The first thing that sprang to my thoughts was if it would be appropriate in the Philippines.
In research from Catchuela and Santiago (2017), the conduct of national elections has
long been one of the most serious issues and sources of concern in the sphere of political
administration and leadership, and this has been the case for a long length of time (Catchuela
& Santiago, 2017). According to Maden (2010), for every citizen to perform his or her essential
duty and commitment, he or she must choose and vote for the most qualified presidential
candidate who will honestly serve the general public while simultaneously supporting the
country's most vital interests and beliefs (MADEN, 2010).

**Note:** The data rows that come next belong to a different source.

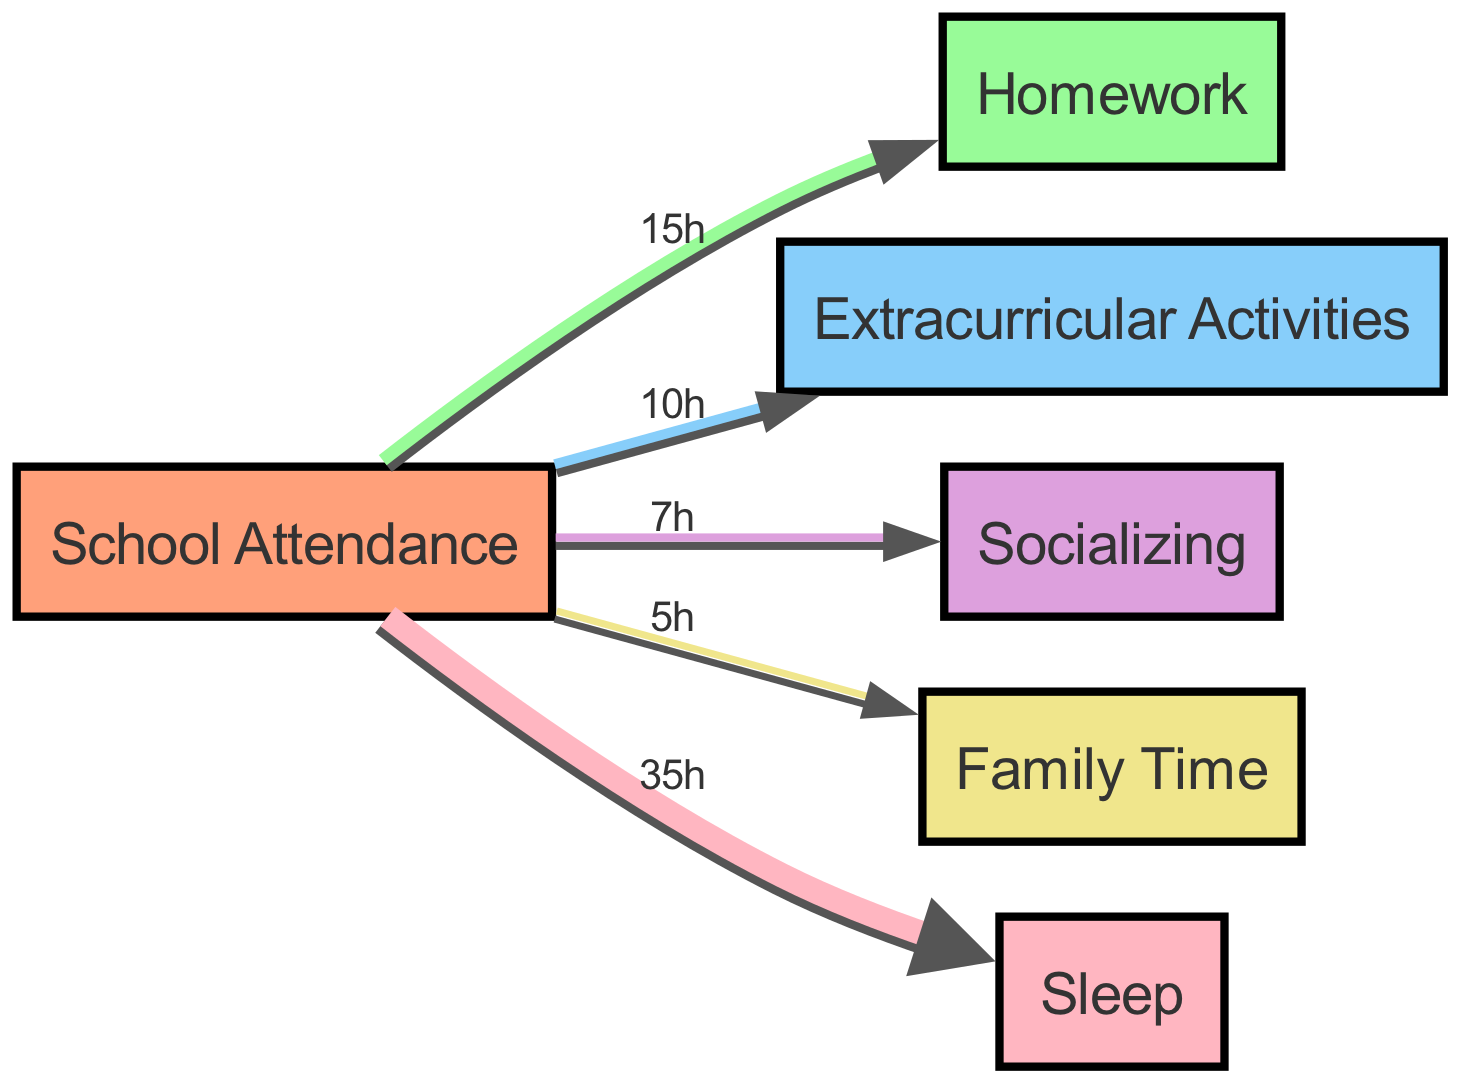What is the total time allocated for School Attendance? The total time allocated for School Attendance can be determined by summing all the flows that lead out of it, which represents the distribution of activities after attending school. Thus, 15 hours for Homework, 10 hours for Extracurricular Activities, 7 hours for Socializing, 5 hours for Family Time, and 35 hours for Sleep sum up to a total of 72 hours.
Answer: 72 hours Which activity has the highest time allocation? The activity with the highest time allocation is determined by comparing the values of the links connected to the nodes. Checking the flows from School Attendance: Homework (15 hours), Extracurricular Activities (10 hours), Socializing (7 hours), Family Time (5 hours), and Sleep (35 hours), we find that Sleep has the highest allocation with 35 hours.
Answer: Sleep How many nodes are present in the diagram? The number of nodes can be counted directly from the 'nodes' section of the data, where each entry represents a unique activity. There are 6 nodes: School Attendance, Homework, Extracurricular Activities, Socializing, Family Time, and Sleep.
Answer: 6 What is the time difference between Homework and Socializing? To find the time difference, we take the allocated time for Homework (15 hours) and Socializing (7 hours) and calculate 15 - 7, resulting in a difference. The workflow indicates that Homework is done for 15 hours, while Socializing takes 7 hours, so the difference is 8 hours.
Answer: 8 hours What portion of the time goes to Extracurricular Activities compared to Homework? This portion can be found by looking at the respective values connected to School Attendance. Extracurricular Activities is allocated 10 hours, while Homework is allocated 15 hours. To find the comparison, calculate the ratio of these times. Thus, Extracurricular Activities takes 10/15, which simplifies to 2/3 of the time spent on Homework.
Answer: 2/3 What percentage of total allocated time is spent on Family Time? To calculate the percentage of time spent on Family Time, we take the allocated hours for Family Time (5 hours) and divide it by the total time allocated from School Attendance (72 hours), then multiply by 100 to convert it to a percentage. This results in (5/72)*100, approximately 6.94%. So, around 7% of total time is dedicated to Family Time.
Answer: 7% What is the combined time for Socializing and Family Time? To find the combined time for Socializing and Family Time, we simply add the time allocated for both activities. Socializing is 7 hours, and Family Time is 5 hours. Adding these gives us 7 + 5 = 12 hours spent on both activities.
Answer: 12 hours 
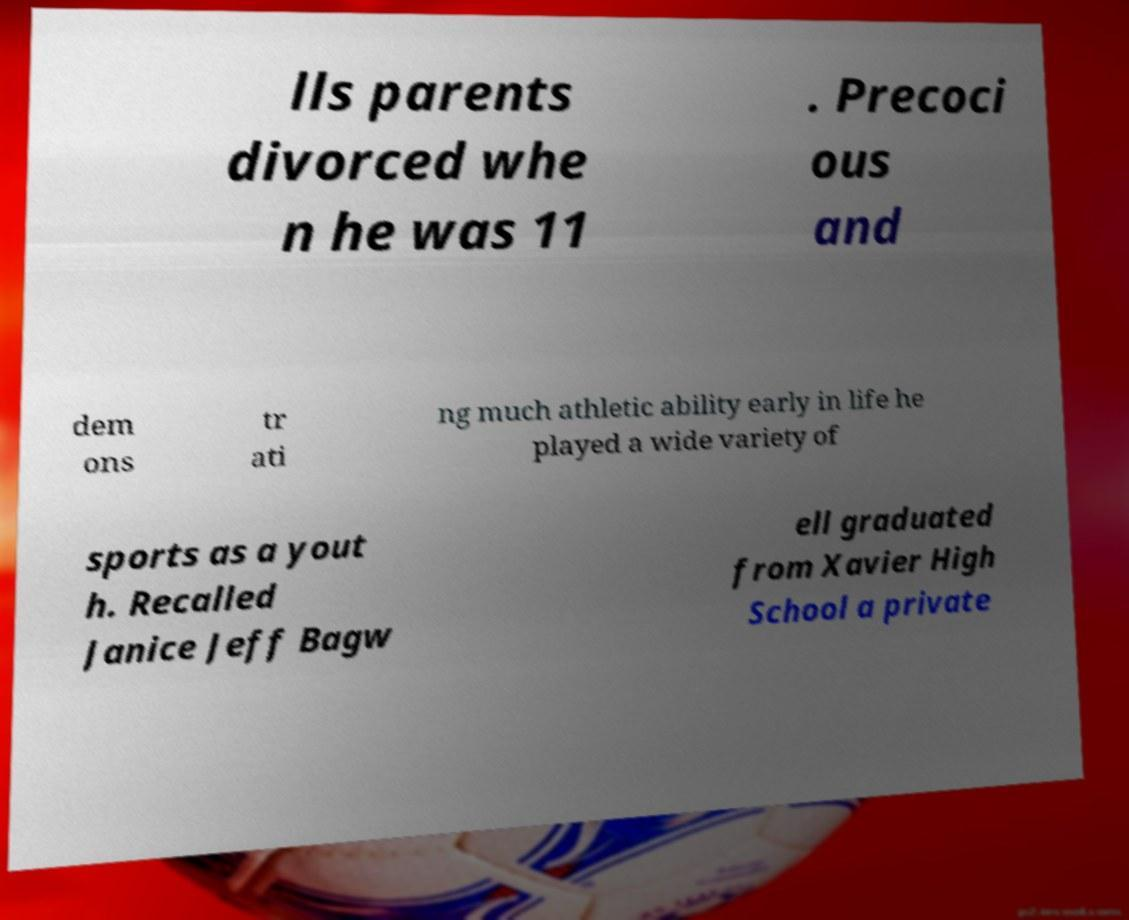Please identify and transcribe the text found in this image. lls parents divorced whe n he was 11 . Precoci ous and dem ons tr ati ng much athletic ability early in life he played a wide variety of sports as a yout h. Recalled Janice Jeff Bagw ell graduated from Xavier High School a private

As indicated in the current suffrage statute of the Philippines, in order for the executive
department to be functional, the qualification standards of the executive department must be
commensurate with internationally known best practices and standards. In the case of a person
who is not a natural-born citizen of the Philippines, who is not a registered voter, and who is
unable to read and write, he or she will be ineligible to be elected President unless he or she
has resided in the Philippines for a minimum of ten years immediately prior to and on the day
of election. When it comes to people who must meet specific legal requirements in order to be
eligible for participation, the exclusivity rule applies (Pring, 2013). Without wishing to offend
anyone, the assumption that these needs are only the bare minimum of what is required cannot
be supported by empirical facts.
According to Frias & Regala (2016), there are provisions for a democratic form of
governance, which is what the Philippines has chosen as its own system of government for now
(Frias & Regala, 2016). In accordance with the country's constitution, Filipino citizens are
guaranteed certain rights and privileges, which are made available to them at no further cost to
them. This includes the right to vote, which is one of the rights guaranteed by the constitution.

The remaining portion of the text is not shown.